When they finally got her out (moments before they were about to do an emergency c-section), I started hemorrhaging. She wasn’t breathing. My baby girl was completely blue, lifeless, and still. I tried to get up and get to her, but they made me stay on that gurney. I was hooked up to tubes and monitors and had no idea that I was bleeding out in that moment. At least 20 nurses surrounded her and blocked her from my sight, then they rushed her up to the NICU.

It took them almost three hours to stop my bleeding, stitch me back up, and get me stable again. We were both in the hospital for a week (they wanted us to stay longer, but I begged to go home and stay with family and have doctors come check on us). I couldn’t be with her. I had to have two blood transfusions and stay hooked up to monitors, a catheter, and fluids. I share more about this in an earlier post, We Almost Didn’t Make It, but the point is – I was told my multiple medical professionals and specialists that I should not have any more children, or it was very likely one or both of us would not survive the next time.

If I truly wanted to try, I would have to go from double the appointments than a non-T1D mom that I already went through to having to do quadruple the appointments and ultrasounds. I would likely have to be on bed rest. They would not let me go back 36 weeks to ensure they didn’t risk me going into labor. It would have had to be a scheduled C-section, and the risk to a baby coming four weeks early is so much greater than what my daughter went through coming two weeks early.

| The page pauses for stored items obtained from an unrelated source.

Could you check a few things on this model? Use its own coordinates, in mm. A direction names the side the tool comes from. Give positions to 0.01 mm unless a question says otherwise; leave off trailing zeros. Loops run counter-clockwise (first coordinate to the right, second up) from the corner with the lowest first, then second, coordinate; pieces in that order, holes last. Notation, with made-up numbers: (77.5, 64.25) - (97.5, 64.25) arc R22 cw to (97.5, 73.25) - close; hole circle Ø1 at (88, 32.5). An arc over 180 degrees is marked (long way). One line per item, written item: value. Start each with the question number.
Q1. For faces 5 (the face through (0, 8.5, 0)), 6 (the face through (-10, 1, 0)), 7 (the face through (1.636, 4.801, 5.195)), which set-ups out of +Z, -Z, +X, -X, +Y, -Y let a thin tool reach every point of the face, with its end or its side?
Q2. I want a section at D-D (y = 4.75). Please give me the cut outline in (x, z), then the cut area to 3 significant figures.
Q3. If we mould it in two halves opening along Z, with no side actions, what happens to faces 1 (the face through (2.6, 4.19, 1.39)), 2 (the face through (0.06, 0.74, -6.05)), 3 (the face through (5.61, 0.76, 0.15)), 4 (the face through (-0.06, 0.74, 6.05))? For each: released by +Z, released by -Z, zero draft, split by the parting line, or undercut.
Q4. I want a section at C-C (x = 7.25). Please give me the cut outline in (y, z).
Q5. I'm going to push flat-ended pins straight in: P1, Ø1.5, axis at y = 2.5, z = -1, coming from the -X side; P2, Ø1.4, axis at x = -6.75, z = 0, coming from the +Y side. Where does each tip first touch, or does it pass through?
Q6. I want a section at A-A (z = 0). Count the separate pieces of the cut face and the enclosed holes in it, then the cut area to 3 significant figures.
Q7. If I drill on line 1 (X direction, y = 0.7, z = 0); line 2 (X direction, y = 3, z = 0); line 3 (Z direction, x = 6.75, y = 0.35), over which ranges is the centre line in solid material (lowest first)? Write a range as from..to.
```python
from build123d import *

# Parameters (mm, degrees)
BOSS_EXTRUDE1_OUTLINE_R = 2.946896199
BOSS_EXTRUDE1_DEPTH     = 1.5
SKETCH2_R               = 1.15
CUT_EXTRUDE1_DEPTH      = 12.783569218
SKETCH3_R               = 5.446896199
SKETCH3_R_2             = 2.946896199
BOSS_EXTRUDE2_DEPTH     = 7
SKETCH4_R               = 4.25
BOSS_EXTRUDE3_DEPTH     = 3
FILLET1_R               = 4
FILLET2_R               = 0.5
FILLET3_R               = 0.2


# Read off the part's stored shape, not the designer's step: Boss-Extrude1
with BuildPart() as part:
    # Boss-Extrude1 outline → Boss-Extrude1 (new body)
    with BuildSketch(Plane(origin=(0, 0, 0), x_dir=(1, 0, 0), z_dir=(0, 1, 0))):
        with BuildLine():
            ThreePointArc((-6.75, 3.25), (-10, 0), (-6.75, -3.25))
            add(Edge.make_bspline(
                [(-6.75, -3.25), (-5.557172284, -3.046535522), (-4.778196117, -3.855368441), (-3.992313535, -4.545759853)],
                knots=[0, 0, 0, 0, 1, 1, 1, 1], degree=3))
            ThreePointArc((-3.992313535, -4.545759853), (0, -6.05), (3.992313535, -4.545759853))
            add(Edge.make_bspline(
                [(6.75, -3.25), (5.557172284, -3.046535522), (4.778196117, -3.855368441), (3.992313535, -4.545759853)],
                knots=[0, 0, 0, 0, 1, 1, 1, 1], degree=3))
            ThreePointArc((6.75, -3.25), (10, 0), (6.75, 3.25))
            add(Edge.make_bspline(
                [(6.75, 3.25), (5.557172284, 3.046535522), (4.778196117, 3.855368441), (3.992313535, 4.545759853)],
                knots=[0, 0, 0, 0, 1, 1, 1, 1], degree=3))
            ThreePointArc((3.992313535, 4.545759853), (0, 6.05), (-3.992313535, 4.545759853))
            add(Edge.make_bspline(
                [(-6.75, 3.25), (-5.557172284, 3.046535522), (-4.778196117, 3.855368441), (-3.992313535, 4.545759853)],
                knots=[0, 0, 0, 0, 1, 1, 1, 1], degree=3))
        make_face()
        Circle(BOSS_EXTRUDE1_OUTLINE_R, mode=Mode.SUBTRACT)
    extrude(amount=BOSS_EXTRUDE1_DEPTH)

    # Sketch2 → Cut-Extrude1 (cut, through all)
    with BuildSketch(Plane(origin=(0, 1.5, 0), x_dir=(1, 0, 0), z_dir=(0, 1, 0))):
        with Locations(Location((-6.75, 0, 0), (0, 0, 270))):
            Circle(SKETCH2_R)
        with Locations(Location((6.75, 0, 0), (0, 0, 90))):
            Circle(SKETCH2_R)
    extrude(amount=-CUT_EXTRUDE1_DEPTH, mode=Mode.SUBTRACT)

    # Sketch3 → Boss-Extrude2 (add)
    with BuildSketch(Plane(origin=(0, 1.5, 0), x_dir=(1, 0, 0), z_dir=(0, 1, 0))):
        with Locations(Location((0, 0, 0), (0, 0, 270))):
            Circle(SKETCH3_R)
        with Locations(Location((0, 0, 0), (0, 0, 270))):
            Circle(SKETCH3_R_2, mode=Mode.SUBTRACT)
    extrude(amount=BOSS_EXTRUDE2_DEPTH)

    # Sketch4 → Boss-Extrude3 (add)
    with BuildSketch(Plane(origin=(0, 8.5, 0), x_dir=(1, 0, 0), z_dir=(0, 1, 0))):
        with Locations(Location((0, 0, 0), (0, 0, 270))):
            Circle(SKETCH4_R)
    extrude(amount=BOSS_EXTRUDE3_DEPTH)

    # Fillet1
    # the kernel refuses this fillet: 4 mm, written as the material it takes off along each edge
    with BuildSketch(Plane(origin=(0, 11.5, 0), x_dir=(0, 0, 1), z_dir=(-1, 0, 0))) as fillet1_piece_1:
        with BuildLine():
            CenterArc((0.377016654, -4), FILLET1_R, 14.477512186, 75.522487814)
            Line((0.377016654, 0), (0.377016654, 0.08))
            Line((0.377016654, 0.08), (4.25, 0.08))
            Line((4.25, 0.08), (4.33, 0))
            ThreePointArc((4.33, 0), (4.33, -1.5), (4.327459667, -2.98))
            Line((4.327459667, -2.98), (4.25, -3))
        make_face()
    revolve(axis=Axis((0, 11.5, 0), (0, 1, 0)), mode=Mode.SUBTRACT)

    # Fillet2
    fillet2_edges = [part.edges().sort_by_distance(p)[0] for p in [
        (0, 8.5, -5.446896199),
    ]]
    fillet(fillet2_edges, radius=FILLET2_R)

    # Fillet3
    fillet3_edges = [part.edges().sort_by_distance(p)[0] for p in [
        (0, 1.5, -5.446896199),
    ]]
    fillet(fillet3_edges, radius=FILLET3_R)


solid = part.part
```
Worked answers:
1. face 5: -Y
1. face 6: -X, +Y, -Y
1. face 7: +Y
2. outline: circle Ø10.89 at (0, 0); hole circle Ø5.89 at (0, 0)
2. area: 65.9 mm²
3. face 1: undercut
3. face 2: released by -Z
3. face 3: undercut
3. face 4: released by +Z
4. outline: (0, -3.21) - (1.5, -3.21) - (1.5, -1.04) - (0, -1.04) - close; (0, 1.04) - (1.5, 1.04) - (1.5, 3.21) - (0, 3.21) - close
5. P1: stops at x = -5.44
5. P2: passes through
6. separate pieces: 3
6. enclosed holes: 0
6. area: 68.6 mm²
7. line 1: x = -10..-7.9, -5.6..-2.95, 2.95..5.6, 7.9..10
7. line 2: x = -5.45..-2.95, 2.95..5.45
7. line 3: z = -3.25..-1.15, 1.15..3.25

When I finally met my now-husband when my daughter was 3 years old, we went back and forth on the issue and finally decided it was too great a risk. He didn’t want to take the chance of losing me, losing a child, or losing both of us. He just couldn’t do it. I couldn’t do it. I was in my 30s, and the doctors wouldn’t even consider advising me to attempt another pregnancy at that point.

This past Infertility & Infant Loss Awareness Week, I was reading a lot of the resources other Sister Sites were sharing and Instagram posts of what not to say to women dealing with infertility or a pregnancy loss/loss of an infant. One of those that jumped out at me was to NOT tell a woman, “You can always just adopt.”

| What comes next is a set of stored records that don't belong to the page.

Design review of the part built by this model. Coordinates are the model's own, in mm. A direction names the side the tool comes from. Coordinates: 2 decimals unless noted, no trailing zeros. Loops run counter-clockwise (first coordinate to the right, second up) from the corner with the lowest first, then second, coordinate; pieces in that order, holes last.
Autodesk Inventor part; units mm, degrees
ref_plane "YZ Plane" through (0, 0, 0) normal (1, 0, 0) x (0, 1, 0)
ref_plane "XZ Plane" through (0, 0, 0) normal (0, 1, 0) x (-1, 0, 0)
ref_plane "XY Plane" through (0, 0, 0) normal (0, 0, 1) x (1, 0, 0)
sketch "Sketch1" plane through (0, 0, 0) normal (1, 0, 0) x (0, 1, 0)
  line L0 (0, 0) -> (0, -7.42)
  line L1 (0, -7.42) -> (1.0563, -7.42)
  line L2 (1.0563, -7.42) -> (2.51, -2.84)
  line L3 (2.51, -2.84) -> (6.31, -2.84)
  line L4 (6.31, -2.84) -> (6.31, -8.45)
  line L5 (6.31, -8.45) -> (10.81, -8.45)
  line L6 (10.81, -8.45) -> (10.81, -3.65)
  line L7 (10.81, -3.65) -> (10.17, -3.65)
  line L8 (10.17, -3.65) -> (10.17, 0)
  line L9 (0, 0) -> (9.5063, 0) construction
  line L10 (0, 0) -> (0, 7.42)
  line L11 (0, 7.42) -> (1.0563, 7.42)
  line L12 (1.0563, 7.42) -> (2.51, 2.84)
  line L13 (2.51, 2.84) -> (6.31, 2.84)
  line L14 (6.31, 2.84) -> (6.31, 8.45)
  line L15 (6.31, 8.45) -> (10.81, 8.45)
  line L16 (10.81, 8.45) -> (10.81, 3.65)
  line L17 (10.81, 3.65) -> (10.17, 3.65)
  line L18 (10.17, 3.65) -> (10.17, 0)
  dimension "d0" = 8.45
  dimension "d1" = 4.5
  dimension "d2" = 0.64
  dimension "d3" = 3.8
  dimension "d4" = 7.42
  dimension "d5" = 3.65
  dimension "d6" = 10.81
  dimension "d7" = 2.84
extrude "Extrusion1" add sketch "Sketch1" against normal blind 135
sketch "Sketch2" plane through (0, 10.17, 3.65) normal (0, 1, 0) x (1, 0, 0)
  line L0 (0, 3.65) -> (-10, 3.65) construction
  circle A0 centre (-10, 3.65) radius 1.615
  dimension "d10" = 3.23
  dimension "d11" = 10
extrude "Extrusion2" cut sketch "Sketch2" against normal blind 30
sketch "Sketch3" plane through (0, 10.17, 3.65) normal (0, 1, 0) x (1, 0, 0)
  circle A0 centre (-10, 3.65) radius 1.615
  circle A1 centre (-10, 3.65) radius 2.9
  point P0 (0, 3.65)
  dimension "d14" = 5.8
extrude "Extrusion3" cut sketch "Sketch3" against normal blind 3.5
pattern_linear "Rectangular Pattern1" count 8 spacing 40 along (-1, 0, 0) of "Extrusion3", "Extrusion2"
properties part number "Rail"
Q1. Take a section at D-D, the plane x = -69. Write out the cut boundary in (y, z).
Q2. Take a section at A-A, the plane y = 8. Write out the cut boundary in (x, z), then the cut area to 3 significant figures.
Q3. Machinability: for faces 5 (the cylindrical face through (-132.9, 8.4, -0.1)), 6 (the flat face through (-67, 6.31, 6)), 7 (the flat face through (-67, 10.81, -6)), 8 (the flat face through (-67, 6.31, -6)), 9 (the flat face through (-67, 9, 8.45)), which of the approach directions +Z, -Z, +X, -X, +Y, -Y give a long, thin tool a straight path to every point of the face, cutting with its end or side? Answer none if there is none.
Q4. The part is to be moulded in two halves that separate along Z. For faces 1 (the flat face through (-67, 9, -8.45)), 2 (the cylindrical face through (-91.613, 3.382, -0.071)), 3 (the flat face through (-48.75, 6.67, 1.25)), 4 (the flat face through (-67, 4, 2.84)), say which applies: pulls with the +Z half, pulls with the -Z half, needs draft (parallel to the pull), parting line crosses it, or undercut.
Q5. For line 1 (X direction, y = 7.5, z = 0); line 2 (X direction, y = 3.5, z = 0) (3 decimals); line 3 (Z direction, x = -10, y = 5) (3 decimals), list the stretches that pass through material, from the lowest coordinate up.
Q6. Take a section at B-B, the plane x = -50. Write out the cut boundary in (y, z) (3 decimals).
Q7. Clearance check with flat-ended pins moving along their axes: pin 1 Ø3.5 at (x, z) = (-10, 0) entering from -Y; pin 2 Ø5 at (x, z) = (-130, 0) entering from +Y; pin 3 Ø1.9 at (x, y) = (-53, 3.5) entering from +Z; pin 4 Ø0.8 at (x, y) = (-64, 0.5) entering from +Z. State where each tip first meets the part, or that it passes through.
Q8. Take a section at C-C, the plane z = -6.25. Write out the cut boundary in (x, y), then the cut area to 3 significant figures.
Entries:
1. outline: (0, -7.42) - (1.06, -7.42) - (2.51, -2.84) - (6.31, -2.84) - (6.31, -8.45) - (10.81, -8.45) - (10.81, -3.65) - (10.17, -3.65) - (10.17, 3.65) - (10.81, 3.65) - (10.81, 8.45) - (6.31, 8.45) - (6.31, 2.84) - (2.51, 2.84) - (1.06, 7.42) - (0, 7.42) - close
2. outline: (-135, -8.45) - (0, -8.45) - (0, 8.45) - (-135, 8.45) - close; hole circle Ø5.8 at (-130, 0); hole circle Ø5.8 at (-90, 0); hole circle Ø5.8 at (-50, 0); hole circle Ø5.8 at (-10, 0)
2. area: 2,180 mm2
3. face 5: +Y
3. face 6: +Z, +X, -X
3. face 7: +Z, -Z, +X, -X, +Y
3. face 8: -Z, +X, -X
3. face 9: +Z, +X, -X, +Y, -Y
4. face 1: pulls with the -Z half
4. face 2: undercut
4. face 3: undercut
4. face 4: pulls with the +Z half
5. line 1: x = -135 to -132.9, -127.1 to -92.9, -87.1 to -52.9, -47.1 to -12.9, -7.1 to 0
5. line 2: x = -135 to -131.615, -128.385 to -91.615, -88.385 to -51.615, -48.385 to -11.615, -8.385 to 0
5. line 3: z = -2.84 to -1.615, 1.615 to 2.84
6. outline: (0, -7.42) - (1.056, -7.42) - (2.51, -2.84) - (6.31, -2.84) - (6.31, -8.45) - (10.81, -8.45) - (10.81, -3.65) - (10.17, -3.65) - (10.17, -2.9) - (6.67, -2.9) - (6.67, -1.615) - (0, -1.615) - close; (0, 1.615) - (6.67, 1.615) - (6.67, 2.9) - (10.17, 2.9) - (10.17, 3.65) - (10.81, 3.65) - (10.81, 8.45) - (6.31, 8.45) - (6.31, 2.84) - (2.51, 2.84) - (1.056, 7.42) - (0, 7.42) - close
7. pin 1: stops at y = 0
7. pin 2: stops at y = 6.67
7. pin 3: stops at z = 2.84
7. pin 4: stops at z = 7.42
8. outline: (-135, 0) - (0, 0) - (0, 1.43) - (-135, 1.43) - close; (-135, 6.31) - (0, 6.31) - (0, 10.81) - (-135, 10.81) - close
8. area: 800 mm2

Every time I’ve been asked over the years, “Oh, you only have just the one child?”, “Why didn’t you have more?”, etc., I’ve briefly recapped my story and then inevitably get the response, “You can always just adopt.” No sh*t, Sherlock. I never thought of that! I politely tell the inquiring minds that we did try adopting, went through the whole vetting process, got our fingerprints done, had the baby for a little bit, fell in love with her, and then the courts changed their minds at the last minute and gave the baby back to the parents that had been deemed unfit to have her in the first place. It was heartbreaking. It was devastating. I still have never quite recovered, and it’s been years since then.

It’s not fair that I couldn’t have more when I finally found a man that put all my fears to rest that had prevented me from wanting a family all that time before him. It’s not fair that we didn’t get to keep that other baby girl, love her, and raise her as our own. It’s not fair that I’ve had friends miscarry, have a stillborn, infant, or never be able to conceive in the first place. None of it is fair. I’m not alone, like I always thought I was. It’s okay for me to be mad when someone has the audacity and ignorance to tell me I could’ve just adopted.

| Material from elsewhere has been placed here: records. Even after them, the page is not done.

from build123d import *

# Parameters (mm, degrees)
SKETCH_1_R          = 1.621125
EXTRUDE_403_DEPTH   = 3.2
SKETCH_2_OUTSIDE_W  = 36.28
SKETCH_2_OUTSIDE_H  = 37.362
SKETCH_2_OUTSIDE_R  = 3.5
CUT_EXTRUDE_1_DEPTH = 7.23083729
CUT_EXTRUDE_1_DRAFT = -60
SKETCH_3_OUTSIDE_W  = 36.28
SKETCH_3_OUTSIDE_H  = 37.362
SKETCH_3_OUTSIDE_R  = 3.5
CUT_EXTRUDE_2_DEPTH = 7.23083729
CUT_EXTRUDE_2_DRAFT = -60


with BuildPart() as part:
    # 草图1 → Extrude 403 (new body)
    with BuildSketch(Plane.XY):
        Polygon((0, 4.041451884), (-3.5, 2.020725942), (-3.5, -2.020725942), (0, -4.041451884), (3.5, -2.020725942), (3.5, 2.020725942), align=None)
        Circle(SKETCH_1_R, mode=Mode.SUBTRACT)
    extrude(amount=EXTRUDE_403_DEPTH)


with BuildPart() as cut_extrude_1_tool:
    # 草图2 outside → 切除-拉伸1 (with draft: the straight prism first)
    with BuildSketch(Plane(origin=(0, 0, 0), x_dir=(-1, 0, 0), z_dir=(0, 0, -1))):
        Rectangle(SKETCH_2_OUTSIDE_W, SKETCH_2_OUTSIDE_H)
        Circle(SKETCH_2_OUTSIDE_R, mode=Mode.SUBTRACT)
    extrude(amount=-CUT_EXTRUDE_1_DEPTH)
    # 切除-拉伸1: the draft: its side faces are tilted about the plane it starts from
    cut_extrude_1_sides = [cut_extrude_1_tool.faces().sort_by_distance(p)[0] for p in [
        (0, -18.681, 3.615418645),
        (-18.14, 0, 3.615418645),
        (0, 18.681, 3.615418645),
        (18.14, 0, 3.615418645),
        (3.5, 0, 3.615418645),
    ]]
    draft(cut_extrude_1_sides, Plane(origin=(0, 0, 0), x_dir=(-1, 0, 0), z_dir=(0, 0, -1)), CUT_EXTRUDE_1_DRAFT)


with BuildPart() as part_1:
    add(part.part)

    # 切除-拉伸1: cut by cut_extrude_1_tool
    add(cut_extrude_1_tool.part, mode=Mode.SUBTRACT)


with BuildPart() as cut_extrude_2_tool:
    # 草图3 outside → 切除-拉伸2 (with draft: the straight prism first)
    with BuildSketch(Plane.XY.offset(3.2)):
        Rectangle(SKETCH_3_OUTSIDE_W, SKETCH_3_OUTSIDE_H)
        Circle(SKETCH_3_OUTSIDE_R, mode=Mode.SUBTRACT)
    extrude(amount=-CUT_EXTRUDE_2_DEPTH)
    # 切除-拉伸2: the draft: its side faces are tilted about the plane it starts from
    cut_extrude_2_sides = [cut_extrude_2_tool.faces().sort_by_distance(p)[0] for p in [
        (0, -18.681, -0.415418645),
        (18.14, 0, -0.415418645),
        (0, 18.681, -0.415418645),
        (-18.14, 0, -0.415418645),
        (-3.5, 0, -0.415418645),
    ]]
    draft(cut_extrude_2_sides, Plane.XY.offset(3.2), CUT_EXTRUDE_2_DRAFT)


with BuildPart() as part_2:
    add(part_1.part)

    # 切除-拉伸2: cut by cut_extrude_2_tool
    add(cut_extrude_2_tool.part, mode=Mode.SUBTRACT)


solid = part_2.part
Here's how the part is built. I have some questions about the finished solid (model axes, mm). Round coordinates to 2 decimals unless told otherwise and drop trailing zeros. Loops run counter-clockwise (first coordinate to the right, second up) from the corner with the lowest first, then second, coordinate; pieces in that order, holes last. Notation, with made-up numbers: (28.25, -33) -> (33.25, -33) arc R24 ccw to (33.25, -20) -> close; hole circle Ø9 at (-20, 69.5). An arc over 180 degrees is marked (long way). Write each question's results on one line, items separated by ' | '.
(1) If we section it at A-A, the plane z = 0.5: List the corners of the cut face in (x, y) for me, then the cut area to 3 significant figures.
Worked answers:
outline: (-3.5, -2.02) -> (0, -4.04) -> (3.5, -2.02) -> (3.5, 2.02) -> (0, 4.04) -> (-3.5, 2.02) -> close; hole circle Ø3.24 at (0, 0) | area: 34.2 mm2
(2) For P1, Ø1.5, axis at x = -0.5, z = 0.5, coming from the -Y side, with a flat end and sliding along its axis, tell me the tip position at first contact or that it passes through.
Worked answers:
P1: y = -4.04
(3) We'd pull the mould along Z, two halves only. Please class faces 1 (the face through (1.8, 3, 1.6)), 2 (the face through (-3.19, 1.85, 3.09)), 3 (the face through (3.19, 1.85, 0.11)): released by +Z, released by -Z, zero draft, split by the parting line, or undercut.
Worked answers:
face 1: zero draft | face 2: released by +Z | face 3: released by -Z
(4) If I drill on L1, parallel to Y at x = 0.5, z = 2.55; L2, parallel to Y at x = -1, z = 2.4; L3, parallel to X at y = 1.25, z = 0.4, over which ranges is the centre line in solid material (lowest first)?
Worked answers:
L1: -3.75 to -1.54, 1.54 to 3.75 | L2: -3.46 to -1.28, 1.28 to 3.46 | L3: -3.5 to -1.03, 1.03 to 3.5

Please be mindful of the things you say – even if they are with the best intent or you think you’re being helpful. It’s hurtful. Just tell us you’re sorry, that you can’t imagine what it’s like, and leave it there. We don’t need your “helpful” advice. It’s hard enough to stay strong and stoic for all those that depend on us; we don’t need the added stress of unsolicited opinions. To all my fellow mamas that have struggled in any capacity with having children – or more children – you’re not alone either. It’s okay to be mad. It’s okay to say life isn’t fair. Feel however you have to feel; don’t be ashamed of it. Holding it in for years and years is not good for your mental health. I just hope you can recognize that much earlier than it took me to. To all the moms out there, you have a place here with us at LMC. It is a judgement-free zone for all mom kind.